Тут наследники так загалдели, что Миноре пришлось стукнуть кулаком по столу, чтобы они замолчали и нотариус смог продолжать.
— Дядюшка ваш человек честный и порядочный, — сказал Дионис. — Он мнит себя бессмертным и, как все ученые, умрет, не оставив завещания. Итак, самое важное сейчас, по-моему, вынудить доктора поместить капитал так, чтобы он не уплыл от вас после его смерти. Такая возможность имеется. Молодой Портандюэр сидит в Сент-Пелажи — у него сто с чем-то тысяч франков долга. Старуха мать знает, что он в тюрьме, плачет горючими слезами и сегодня ждет к обеду аббата Шапрона — конечно, для того, чтобы поделиться с ним своей бедой. Так вот, сегодня вечером я попытаюсь уговорить вашего дядюшку продать консолидированную пятипроцентную ренту[124], которая сейчас идет по сто восемнадцать франков, и одолжить госпоже де Портандюэр под залог ее дома и Бордьерской фермы сумму, необходимую для спасения блудного сына.
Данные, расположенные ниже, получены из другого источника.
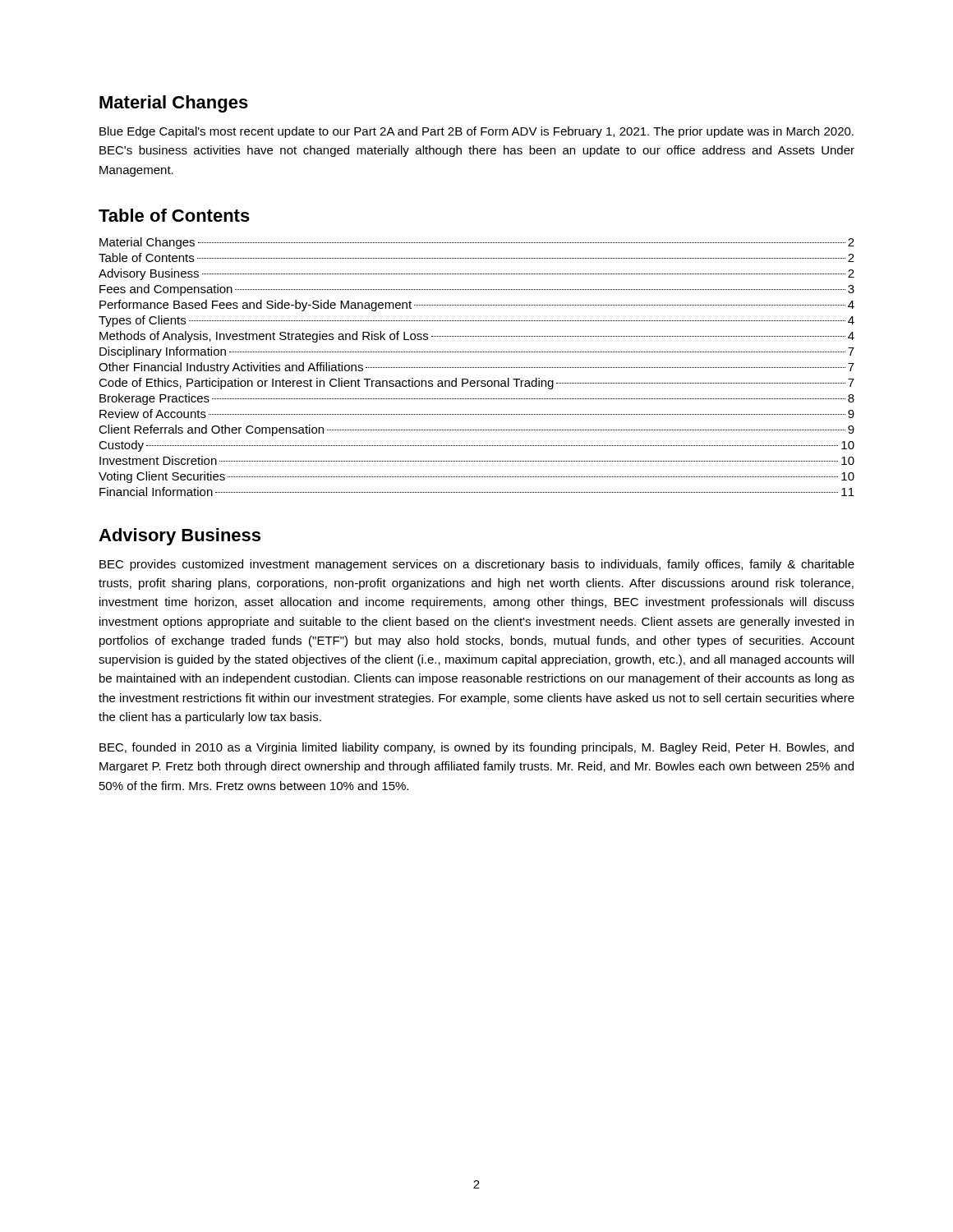
Task: Click on the section header with the text "Material Changes"
Action: coord(173,102)
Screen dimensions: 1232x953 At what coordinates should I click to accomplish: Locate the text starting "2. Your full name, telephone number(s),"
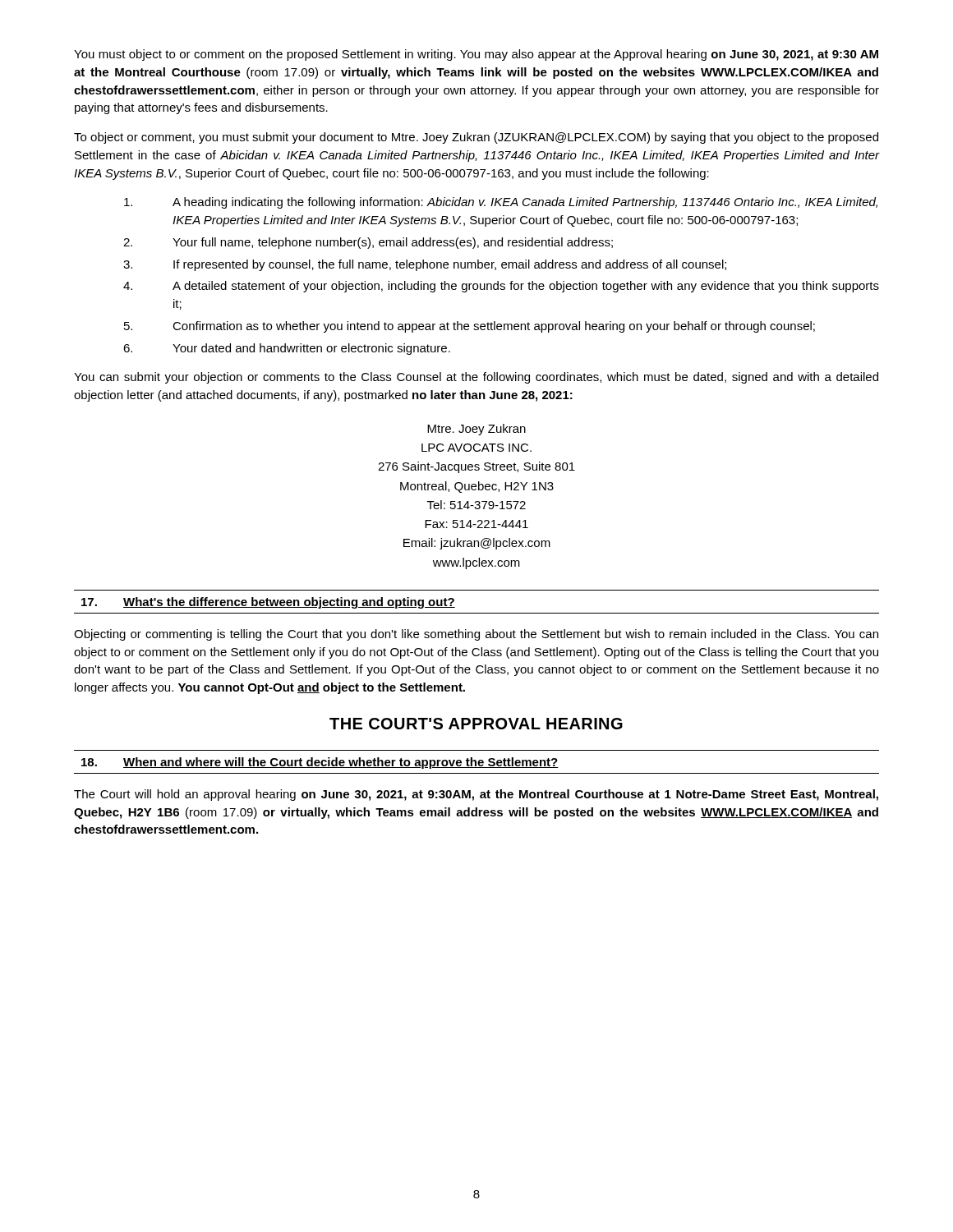point(476,242)
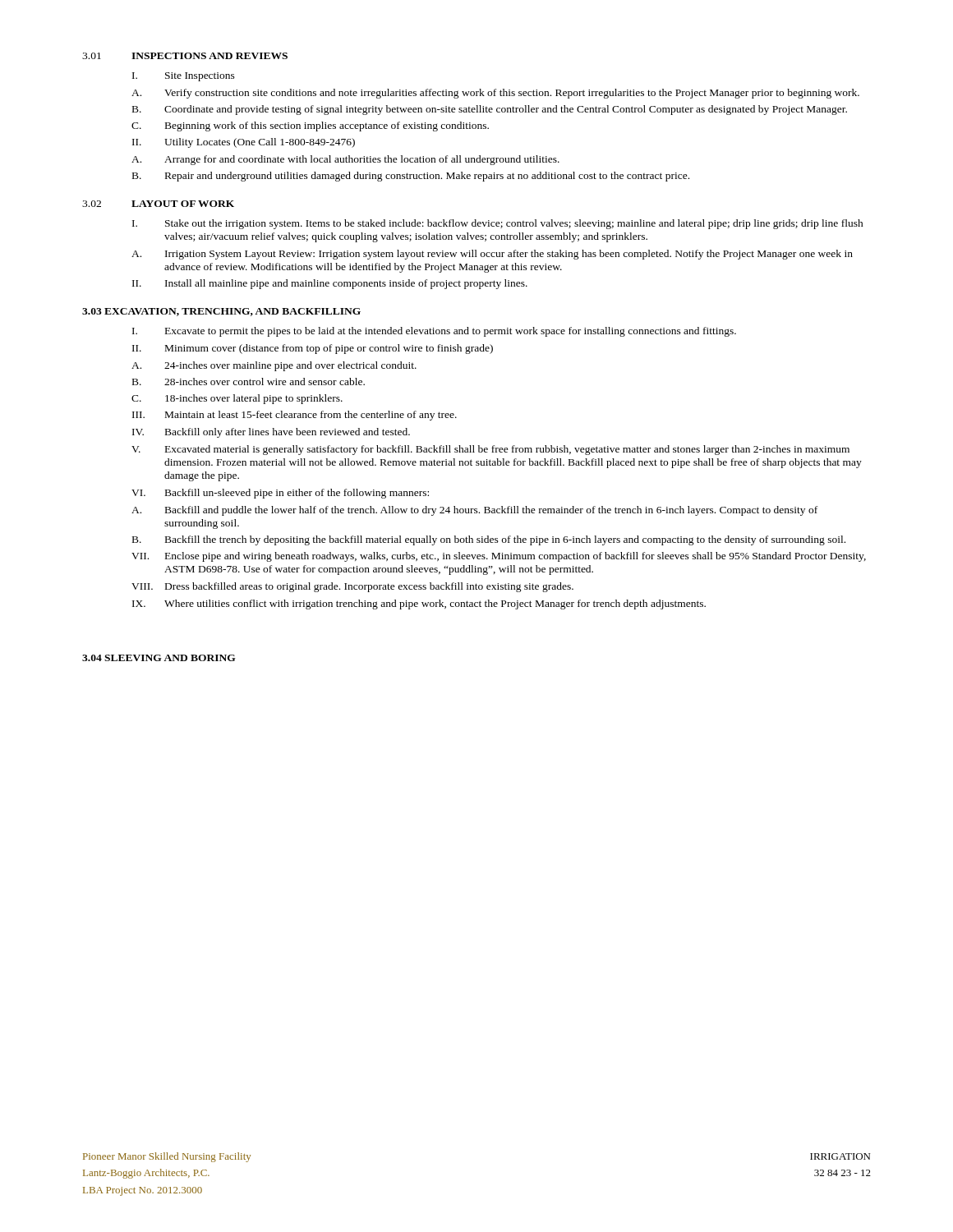This screenshot has width=953, height=1232.
Task: Locate the text "II. Utility Locates (One Call 1-800-849-2476)"
Action: tap(244, 143)

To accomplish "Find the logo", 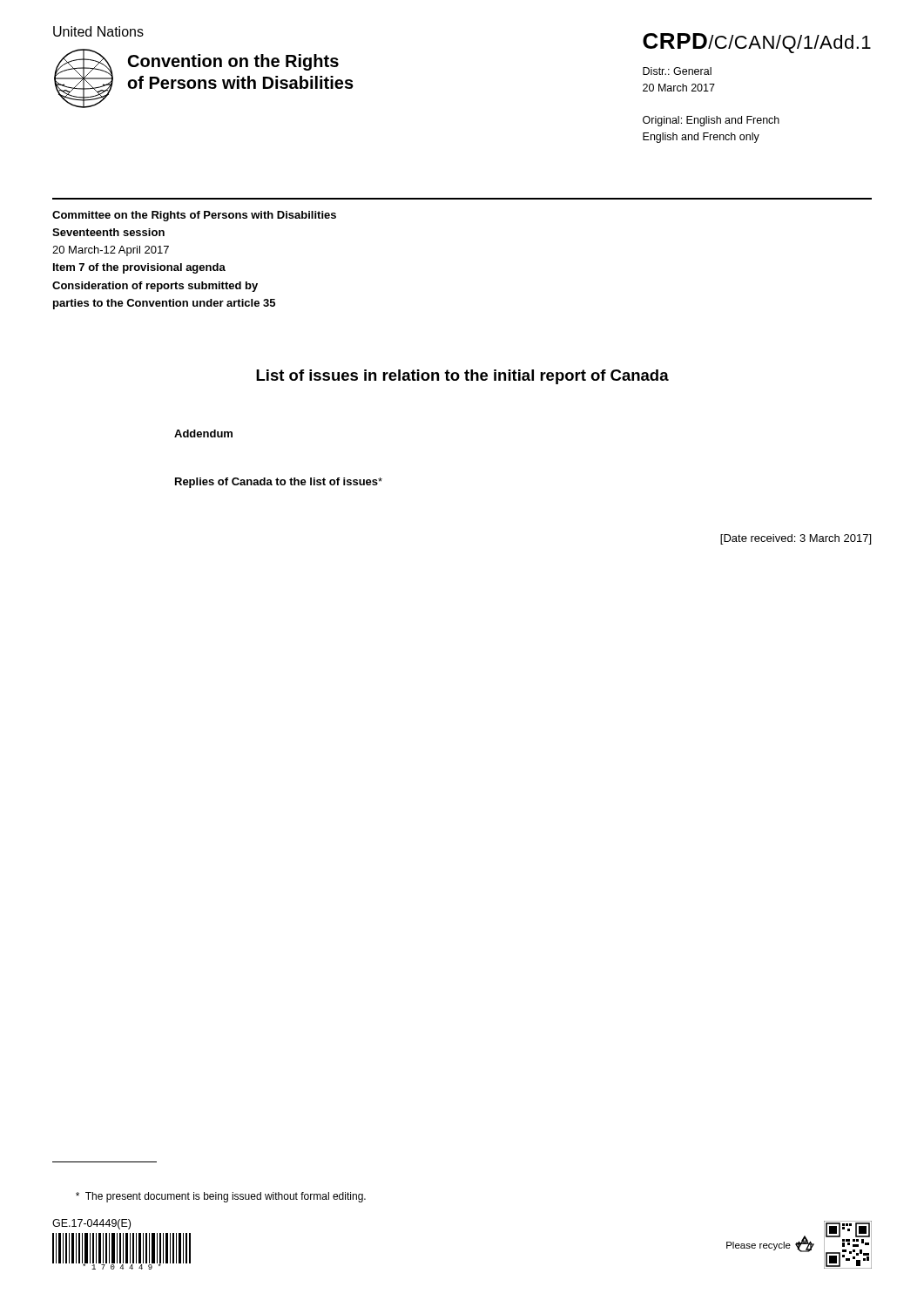I will [84, 80].

В том, что я ходатайствую за этого юного шалопая Портандюэра, нет ничего подозрительного: если дело выгорит, я могу заработать на совершении купчих, на закладных и прочих документах. Я постараюсь войти в доверие к доктору и убедить его приобрести на оставшиеся деньги земли — у меня есть на примете прекрасные участки. Состоянием, вложенным в земли или отданным взаймы под залог недвижимого имущества, не так-то легко распорядиться. Между желанием обратить его в деньги и осуществлением этого желания можно воздвигнуть множество препятствий.
Пораженные справедливостью этих умозаключений, достойных господина Жосса[125], наследники одобрительно перешептывались.
— Итак, — сказал нотариус в заключение, — живите дружно, старайтесь, чтобы дядюшка ваш не уехал из Немура, — он привык к здешней жизни, а вам это на руку: удобнее приглядывать за ним. А подыскав девчонке любовника, вы сможете не бояться женитьбы...
— А если она все-таки выйдет замуж? — спросил Гупиль, в чьей голове родился честолюбивый замысел.
— Ничего страшного — по крайней мере вы точно оцените свои убытки, узнав, какое приданое даст за Урсулой старикан, — отвечал нотариус. — Но если вы напустите на нее Дезире, можно будет потянуть время до смерти старика. Не всяк жених, кто присватался.
— Доктор ведь может прожить еще долго, — сказал Гупиль, — не проще ли выдать девчонку за какого-нибудь толкового парня, который за сто тысяч франков избавит вас от нее и поселится с ней где-нибудь в Сансе, Монтаржи или Орлеане?